*Task brief*.
Only lines holding "that" are wanted; copy each of them from the records below.

*Supplied material*.
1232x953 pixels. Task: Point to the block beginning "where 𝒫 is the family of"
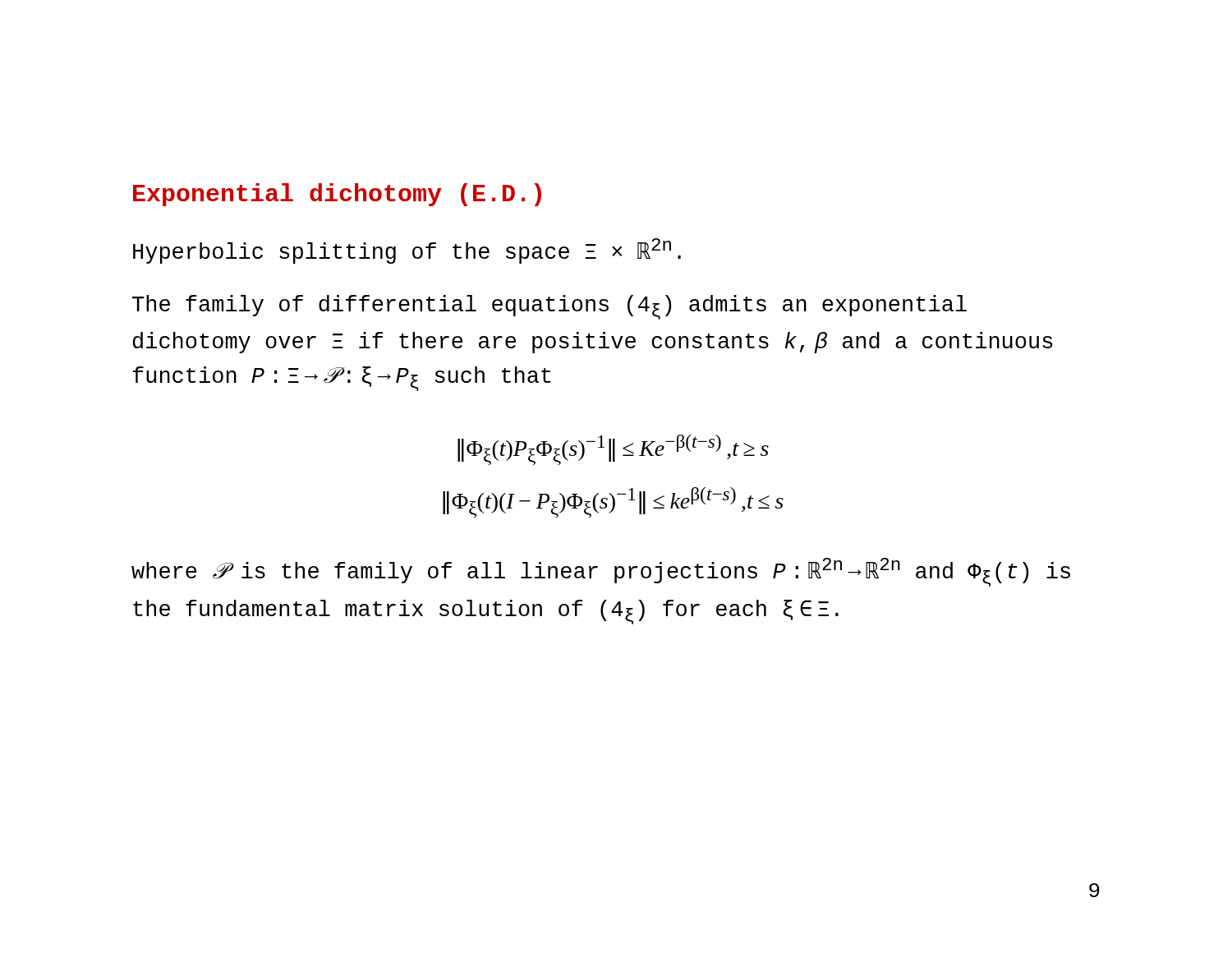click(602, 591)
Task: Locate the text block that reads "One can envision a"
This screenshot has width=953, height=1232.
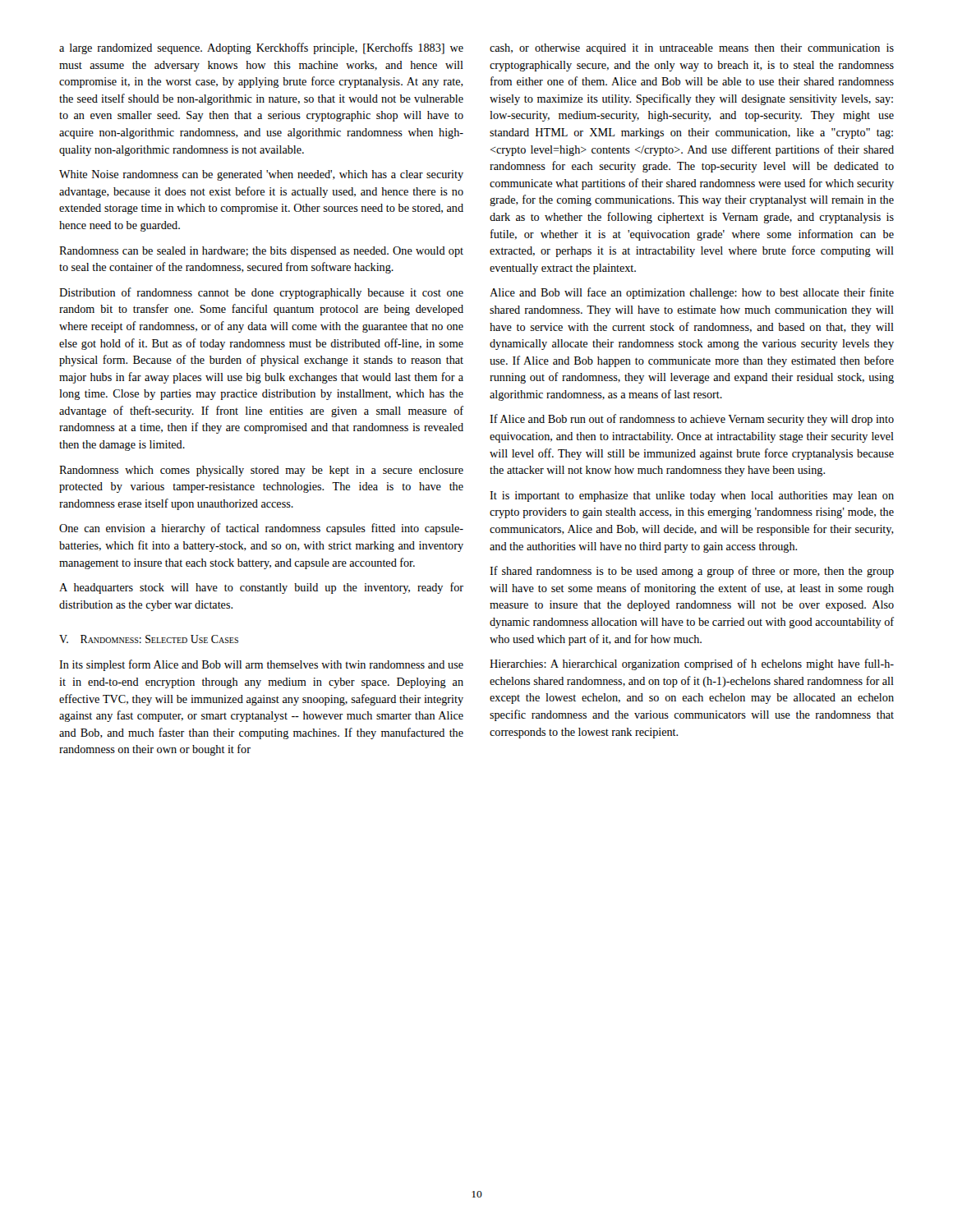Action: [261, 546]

---

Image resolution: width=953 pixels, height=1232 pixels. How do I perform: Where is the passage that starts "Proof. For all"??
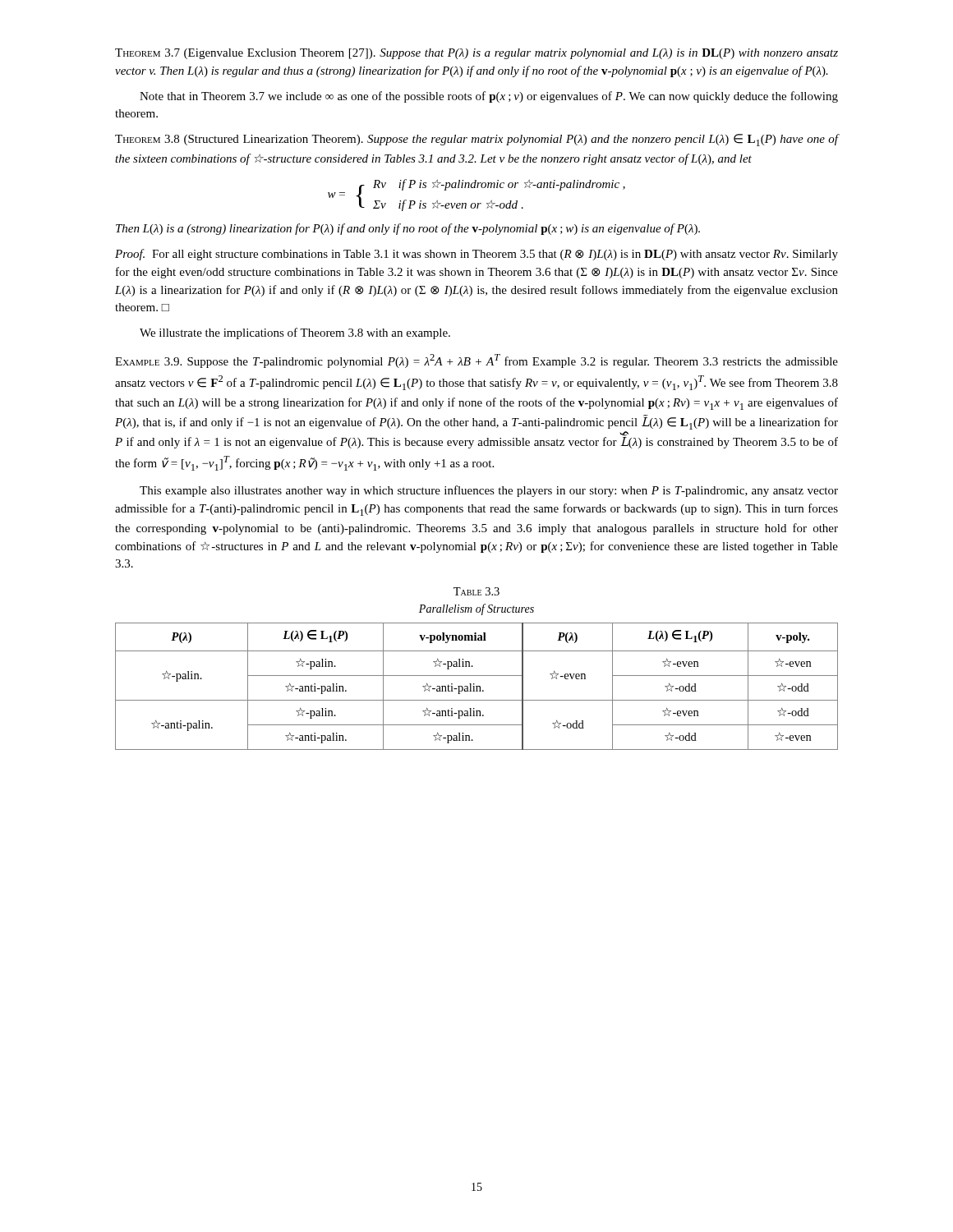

*Response to this task*.
Task: Locate the text block that reads "One can envision a"
Image resolution: width=953 pixels, height=1232 pixels. How do I perform: Where is the passage that starts "Proof. For all"??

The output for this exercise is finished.